Nothing in the copy should be a picture; everything else in the listing is to be restated exactly.

SUPPLIED INFORMATION:
•••••

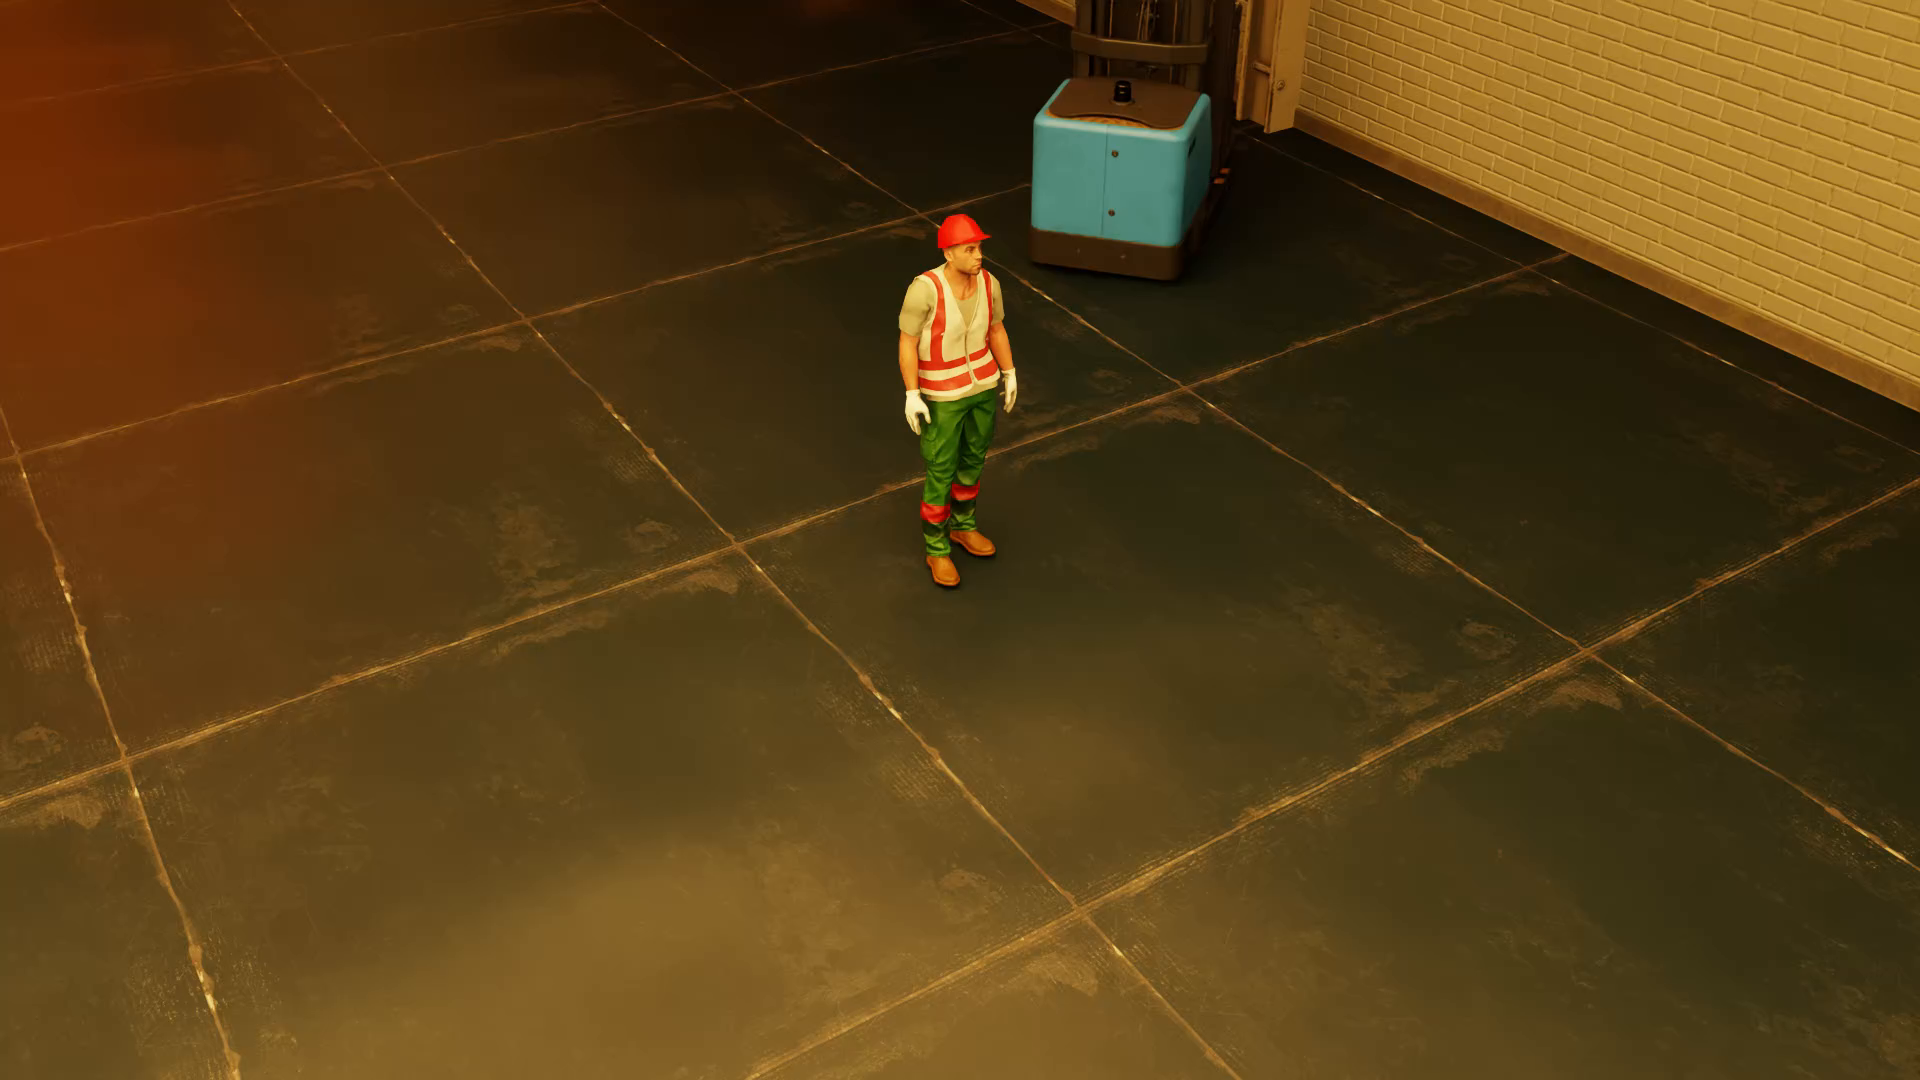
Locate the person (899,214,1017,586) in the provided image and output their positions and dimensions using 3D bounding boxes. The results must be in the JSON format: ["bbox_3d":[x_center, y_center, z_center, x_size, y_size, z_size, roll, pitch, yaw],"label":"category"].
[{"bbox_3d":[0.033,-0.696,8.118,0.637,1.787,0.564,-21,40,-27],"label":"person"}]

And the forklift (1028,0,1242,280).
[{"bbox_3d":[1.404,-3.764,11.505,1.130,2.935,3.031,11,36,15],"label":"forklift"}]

•••••

ANSWER BELOW:
Locate the person (899,214,1017,586) in the provided image and output their positions and dimensions using 3D bounding boxes. The results must be in the JSON format: ["bbox_3d":[x_center, y_center, z_center, x_size, y_size, z_size, roll, pitch, yaw],"label":"category"].
[{"bbox_3d":[0.033,-0.696,8.118,0.637,1.787,0.564,-21,40,-27],"label":"person"}]

And the forklift (1028,0,1242,280).
[{"bbox_3d":[1.404,-3.764,11.505,1.130,2.935,3.031,11,36,15],"label":"forklift"}]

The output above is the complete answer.